没有简单的方法可以做到这一点,但只需直接编辑数据文件(pg_class 条目的 relfilenode 给出文件名)就相当容易了。
Just copy a block from elsewhere in the file over the bad block. Ideally, synthesise an empty block or update the one you're overwriting to have no valid tuples in it.
只需从文件中的其他地方复制一个块到坏块上。理想情况下,合成一个空块或更新您要覆盖的块,使其中没有有效的元组。
Once you've got something that doesn't produce that error, dump the table and reload it for safety.
一旦你得到了不会产生那个错误的东西,为了安全起见,转储表并重新加载它。
回答by Chris Travers
these are almost always hardware problems btw.

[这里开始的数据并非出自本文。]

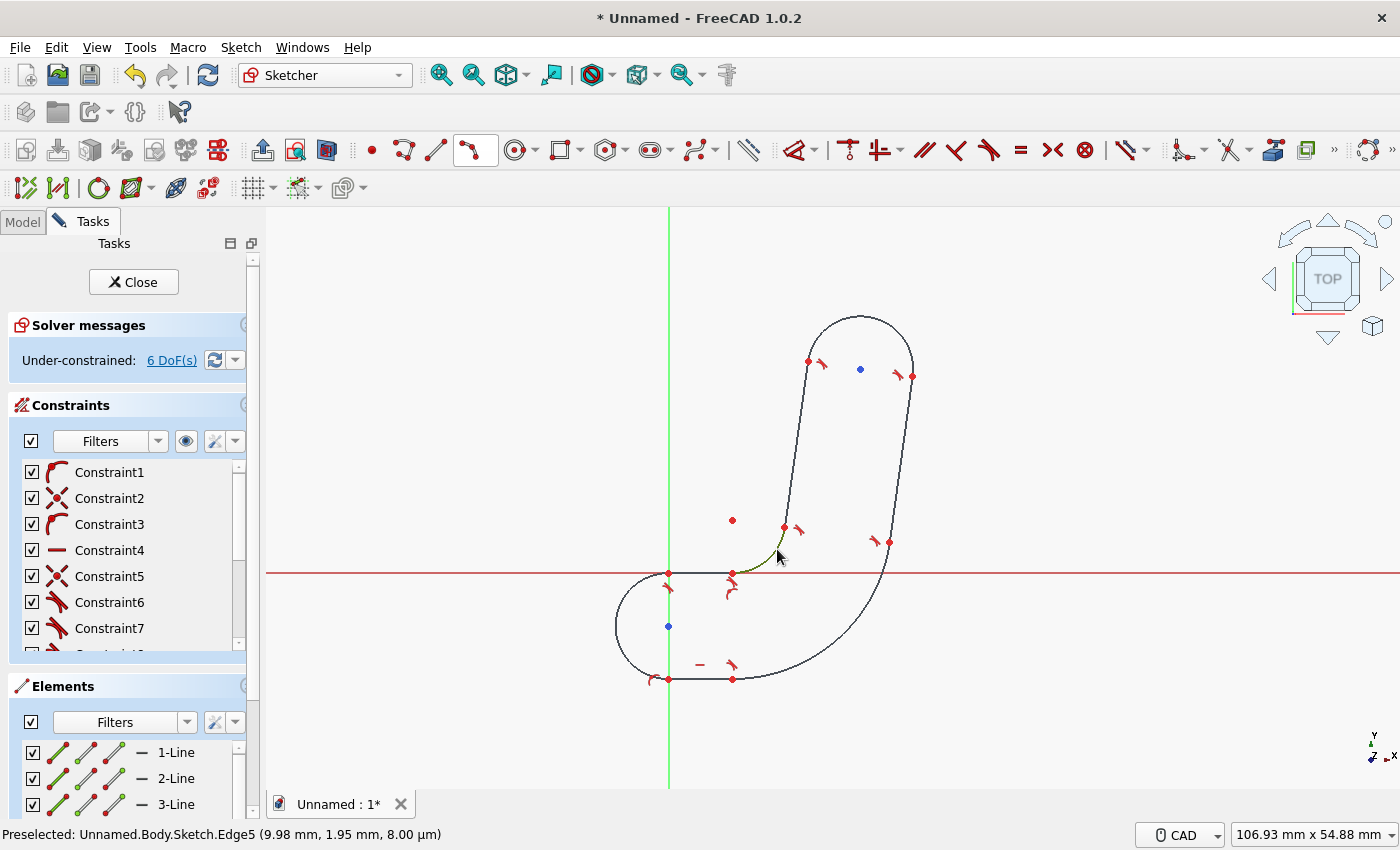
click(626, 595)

Verify and test RAM, disk, CPU. Make sure your environment is good (bad power input can cause problems as can overheating). That's the best way to prevent it. Best way to address it is point in time recovery from a base backup.
顺便说一句,这些几乎总是硬件问题。验证和测试 RAM、磁盘、CPU。确保您的环境良好(糟糕的电源输入会导致问题和过热)。这是预防它的最好方法。解决此问题的最佳方法是从基础备份进行时间点恢复。
回答by Rajesh Vallarapu
If you have a slave, set hot_standby_feedback to 'on' on it if not already. Do pg_dump and write it to /dev/null so that you don't consume any space. nohup pg_dump db_name -v -Fc -f /dev/null & If the dump succeeds, then your slave is fine. Do a failover. There will be no data loss.
如果你有一个从站,如果还没有的话,将 hot_standby_feedback 设置为“on”。执行 pg_dump 并将其写入 /dev/null 以便您不占用任何空间。nohup pg_dump db_name -v -Fc -f /dev/null & 如果转储成功,那么你的奴隶是好的。进行故障转移。不会有数据丢失。
Another way to validate your slave is to do, explain select count(*) from table_name; If it succeeds and if it is using a sequence scan, then your slave is good. You may not have to consider this option if it is using index scan.
另一种验证从属设备的方法是解释 select count(*) from table_name; 如果它成功并且它正在使用序列扫描,那么你的奴隶是好的。如果它使用索引扫描,您可能不必考虑此选项。
Note: This works only if your master is affected with storage level corruption.
注意:这仅在您的 master 受到存储级别损坏的影响时才有效。
I happened to face same issue just today and i was able to fix it.
我碰巧今天遇到了同样的问题,我能够解决它。